There is optimism around Oxlade-Chamberlain but I personally was disappointed with his performance against the Belgians. He tried unconvincingly to appear the dashing young thing but like Walcott so often before him ultimately lacked the control, the dribbling skills that presumably had gotten him picked in the first place. In short he was nervy and he looked therefore like a school-kid trying to break into a grown-man’s set-up. I hope that unlike Walcott his confidence and his skills genuinely blossom with age and experience and that he does get the opportunity to develop. But – again, like the other boyish flyer – he is not worth a starting place in an England championship side, for me.
Young is an interesting one. Clearly a talent, clearly a danger in the sense that he may be the one to draw Limey ignominy around the globe through worryingly instinctive diving for a key spot-kick. (Imagine if he does that against one of the host nations… to get our lot an undeserved win!! The latent or explicit racism around the place might be lit up rather unpleasantly – even dangerously – by such an incident.) And who knows if it matters… but I personally would feel deeply ashamed and regretful if one of our lot brazenly cheated to get the team through; particularly if – as may well be the case – our general play is negative and ungenerous to the spirit of the tournament; assuming there is one.
I expect the general standard of play to be unremarkable, which again may allow our thin pool of talent to proceed beyond current expectation; but cannot see how England may find that necessary gear-change or splash of sweet, heart-stopping beauty to transform dull draw to foamy win. If Milner starts, I can’t help but see this as a marker for how pallid we currently are – poor Jimmy being more fit-for-purpose in the column role as ‘half the player he was 18 months ago’ than livewire wide-man. There is almost no possibility that he will actually beat an opposition defender, get to the byline and cross; instead he will hold; hold and roll the ball back to Johnson or Parker. This tendency for ease being dully infectious, there will, therefore, be almost no discernible momentum in the English play. And we will be easy enough to stop.

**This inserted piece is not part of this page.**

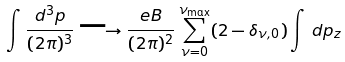Convert formula to latex. <formula><loc_0><loc_0><loc_500><loc_500>\int \frac { d ^ { 3 } p } { ( 2 \pi ) ^ { 3 } } \longrightarrow \frac { e B } { ( 2 \pi ) ^ { 2 } } \sum _ { \nu = 0 } ^ { \nu _ { \max } } ( 2 - \delta _ { \nu , 0 } ) \int \, d p _ { z }</formula> 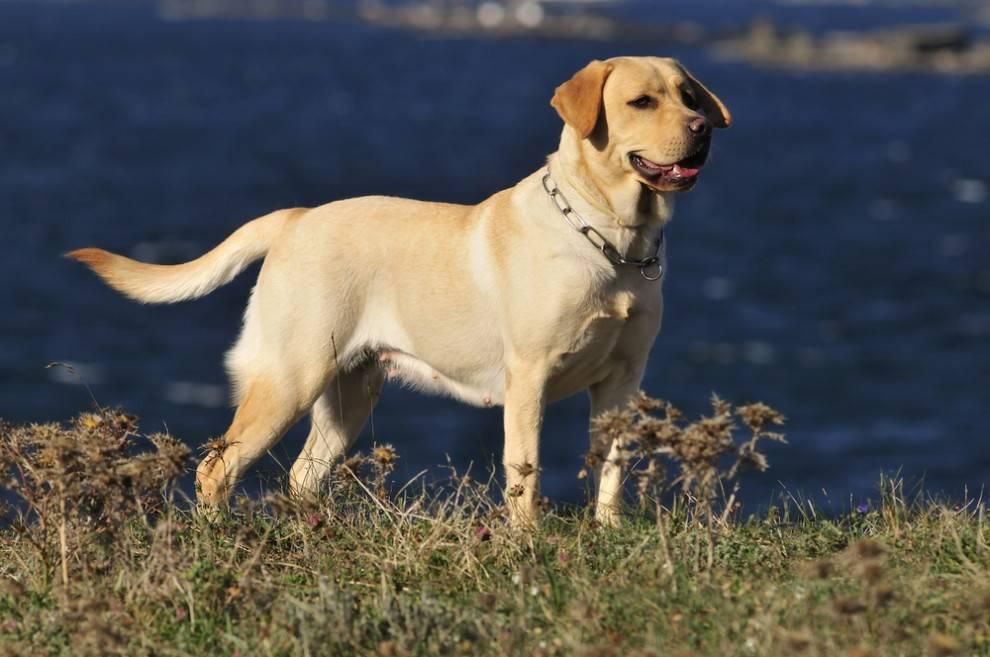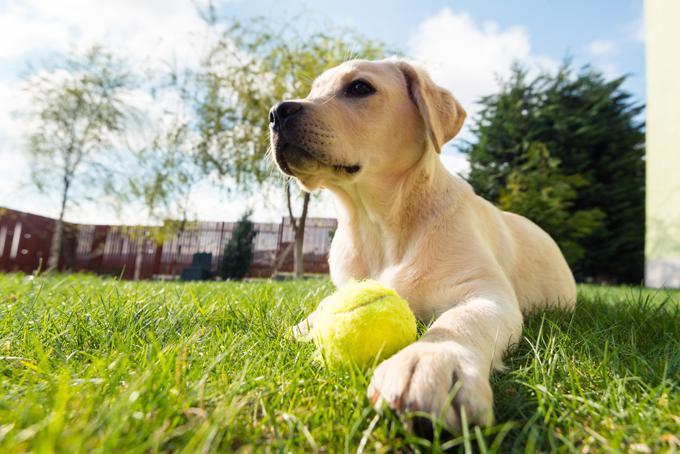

This reads depressingly, perhaps. Yet I cannot make a case for impervious defence or for imperious attack. It will be structured mediocrity; one that may be good enough, or may be swiftly exposed for what it is. And whilst I really do have some respect for Hodgson, perhaps it is pertinent to remind ourselves that there seems no likelihood that England will attack with any verve or belief; again.
What I’d like to see is some genuine fearlessness, some real want of the ball, rather than a repeated avoidance of responsibility – that waiting, that pointless offloading as opposed to constructive and purposeful ball-retention. Generally guys, give us what a wordy old arse like me might call some honourability; the game needs that, the fans (home and away) deserve that.
My view then has to be that England are unquestionably mediocre… but can they just raise something? Please?